Our study provides novel insight into N17 domain function in vivo. The N17 domain is evolutionarily conserved in the vertebrate lineage (Tartari et al., 2008), suggesting it may confer conserved functions for HTT amongst vertebrates. Our study shows that BAC transgenes expressing mutant or WT HTT lacking N17 domain can rescue the embryonic lethality phenotype of murine Htt null mice, suggesting the N17 domain is not required for the essential HTT function during murine development. Our study, together with prior genetic evidence (Neveklovska et al., 2012; Zeng et al., 2010) suggests that essential embryonic developmental functions of HTT in vertebrates do not appear to require the three domains near the HTT N-terminus (i.e. the N17, polyQ, and polyproline domains). It would be tempting to speculate that these HTT exon1 domains, which co-evolved within the vertebrate lineage (Tartari et al., 2008), could be sub-serving a function of HTT that is specific to mature organisms, possibly within the nervous system. One hint of this function may come from a study where mice expressing Htt lacking the polyQ domain show enhanced neuronal autophagy and longevity (Zeng et al., 2010).

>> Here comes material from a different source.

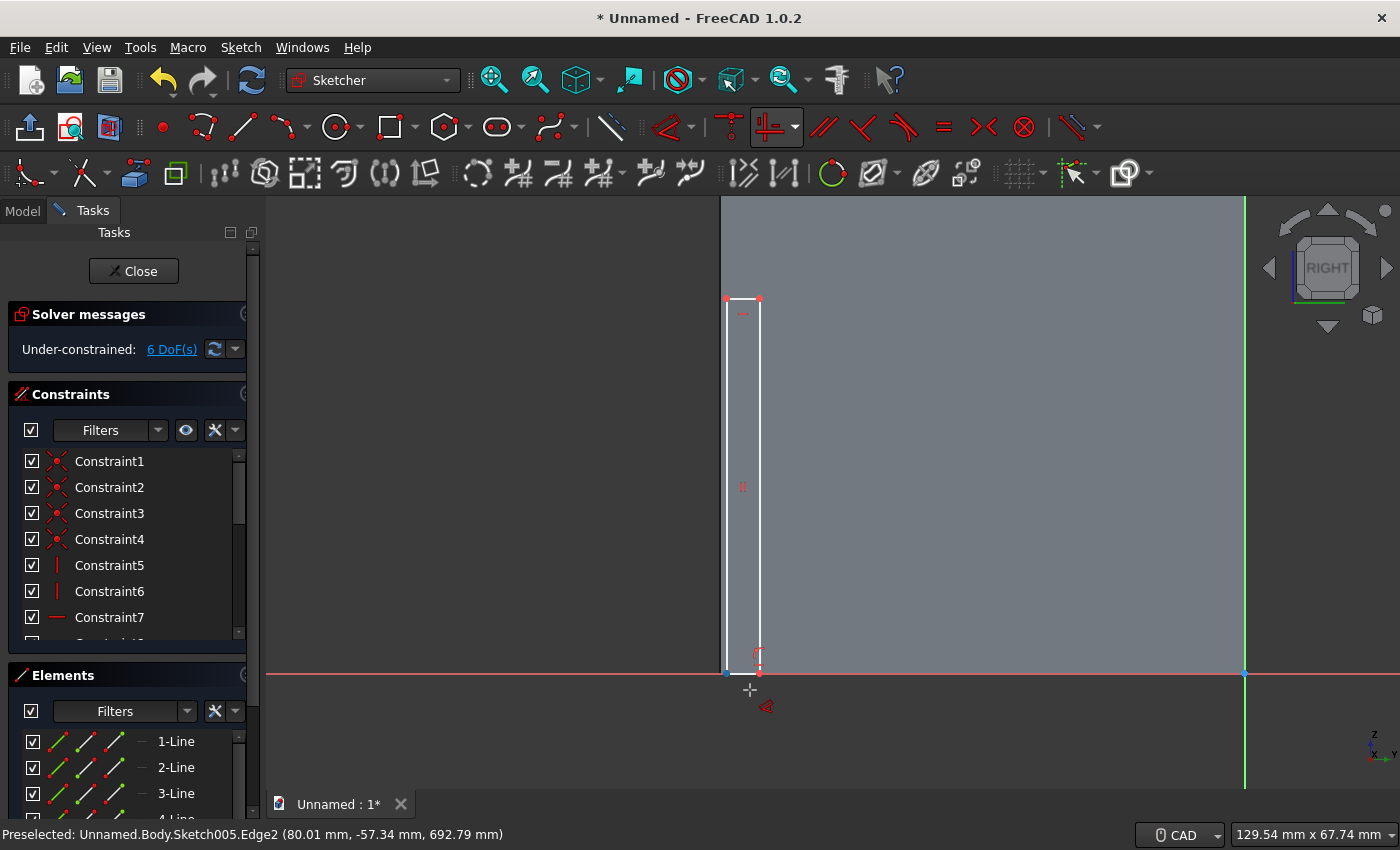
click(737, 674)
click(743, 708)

Our study reveals N17 as a critical molecular determinant of mHTT-induced nuclear pathogenesis in vivo. Although prior cell-based studies have demonstrated that the N17 domain confers cytoplasmic membrane association (Rockabrand et al., 2006; Atwal et al., 2007) and nuclear export of mutant and WT HTT (Maiuri et al., 2013; Zhang et al., 2013), these studies were done in the context of small HTT fragments (i.e. exon1) and in transfected cells, hence the impact of N17 in regulating mHTT subcellular trafficking in the context of full-length mHTT and disease pathogenesis in vivo remained yet unexplored. Our study provides crucial evidence that BAC mice expressing mHTT that lacks the N17 domain, despite lower level expression of mHTT than the BACHD model, show dramatic acceleration of mHTT aggregation (4m in BACHD-ΔN17 vs. 11m-12m in BACHD). Moreover, the pattern of mHTT pathology is also drastically different between the two models, with BACHD showing predominantly cytoplasmic mHTT aggregates (Gray et al., 2008) while BACHD-ΔN17 show exclusively nuclear mHTT aggregates. These results demonstrate a pivotal in vivo function of N17 domain in regulating mHTT proteostasis in the nuclear and cytoplasmic compartments, suggesting that compromising N17 function can dramatically accelerate nuclear pathogenesis in HD mouse brains.

Extensive prior studies suggest that generation of mHTT N-terminal fragments by proteolysis (DiFiglia et al., 1997) or alternative splicing (Sathasivam et al., 2011) may be an important mechanism in eliciting nuclear pathogenesis in HD (Ross and Tabrizi, 2011). Perhaps the best evidence supporting this idea is that aggregated mHTT species isolated from neuronal nuclei in HD patients or mice are small mHTT fragments, including exon1 (Landles et al., 2010) and CpA fragments (Lunkes et al., 2002). Moreover, transgenic mice expressing mHTT polyQ fragments exhibit exacerbated disease and increased mHTT nuclear pathology compared to those models expressing full-length mHTT (Crook et al., 2011; Li et al, 1999). However, an intriguing set of studies shows that the soluble mHTT-exon1 in transgenic mouse brains is predominantly cytoplasmic, even when the fragment is fused with an exogenous nuclear localization signal (Benn et al., 2005), suggesting that additional molecular element(s) may be involved in regulating the nuclear pathogenesis of mHTT fragments. Our current study suggests that N17 could function in the context of small mHTT fragments to mitigate their potential in eliciting nuclear pathogenesis in vivo. Our in vivo biochemical analyses reveal that the aggregated nuclear mHTT species in BACHD-ΔN17 brains consists predominantly of two small mHTT polyQ fragments, while the intact soluble full-length ΔN17-mHTT was always cytoplasmic (Figure 6). This latter finding is somewhat surprising, since point mutations in N17 (i.e. M8P), in the context of full-length HTT, have been shown to increase nuclear translocation in transfected cells (Atwal et al., 2007). Moreover, our cell-based study provides initial support for a selective requirement of N17 to mediate nuclear exclusion of small mHTT fragments (e.g. exon1 and CpA) that are known to be nuclear pathogenic in HD (Lunkes et al., 2002; Landles et al., 2010), but not for larger mHTT fragments (e.g. C6). Given the limitation of our current study using a transfected non-neuronal cell line to study N17-dependecy in nucleocytoplasmic trafficking of various mHTT fragments, future studies should validate and extend such observations into primary neuronal cells and into WT and HD mouse brains.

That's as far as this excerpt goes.